Taking the last two terms of last expression you gave, we can do the following
$$ \begin{align} M \left(\frac{|00\rangle+|11\rangle}{\sqrt{2}}\right) &= X_1\otimes Z_2\left(\frac{|00\rangle+|11\rangle}{\sqrt{2}}\right) \\ &= \left(\frac{X_1|0\rangle \otimes Z_2|0\rangle+X_1|1\rangle \otimes Z_2|1\rangle}{\sqrt{2}}\right) \\ &= \left(\frac{|1\rangle \otimes |0\rangle+|0\rangle \otimes -|1\rangle}{\sqrt{2}}\right) = \left(\frac{|10\rangle-|01\rangle}{\sqrt{2}}\right) \end{align} $$
Now, you can plug this in into the equation for the expectation value
$$ \begin{align} E[M]&=\left(\frac{\langle00|+\langle11|}{\sqrt{2}}\right)\left(\frac{|10\rangle-|01\rangle}{\sqrt{2}}\right) \\ &= \frac{1}{2}\left( \langle00|10\rangle-\langle00|01\rangle+\langle11|10\rangle-\langle11|01\rangle \right) = 0 \end{align} $$
As you can see, you end up with four inner products, all between orthogonal states, which means all of them evaluate to $0$.

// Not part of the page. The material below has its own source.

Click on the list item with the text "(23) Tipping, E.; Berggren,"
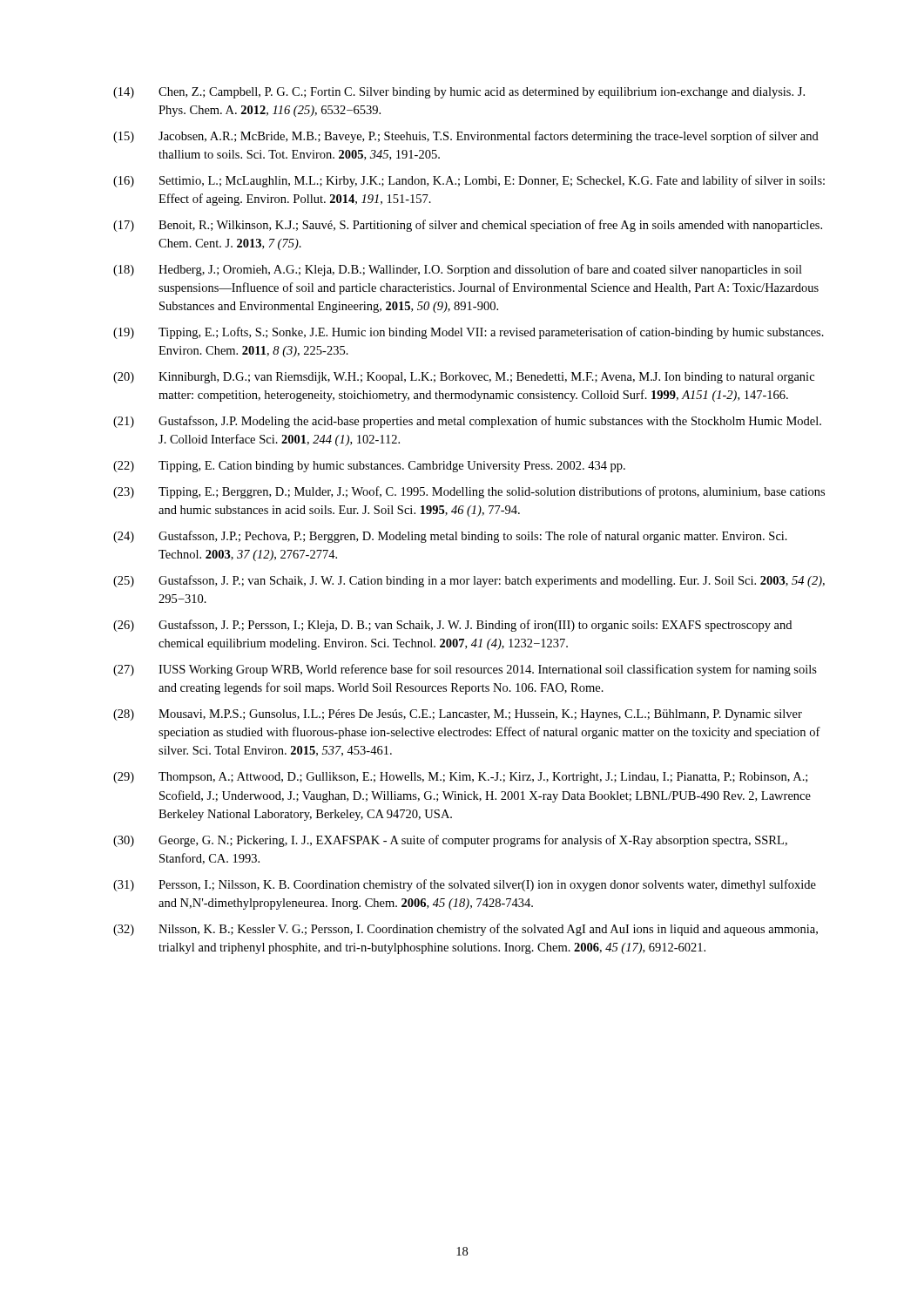This screenshot has height=1307, width=924. pyautogui.click(x=473, y=501)

An intuitive way to think about it is that $E[M]=E[X_1 \otimes Z_2]=E[X_1 \otimes \mathbb{1}]E[\mathbb{1} \otimes Z_2]$
If we only think about $E[\mathbb{1} \otimes Z_2]$, it is just the expectation value of $Z_2$ on the second qubit. Consider that our second Qubit in the entangled state $\frac{| 00\rangle + | 11\rangle}{\sqrt{2}}$ is measured to be $\frac{+\hbar}{2}$ half the time and $\frac{-\hbar}{2}$ half the time. Therefore by observation $E[\mathbb{1} \otimes Z_2]=0$.
$$E[M]=E[X_1 \otimes \mathbb{1}]E[\mathbb{1} \otimes Z_2]=0$$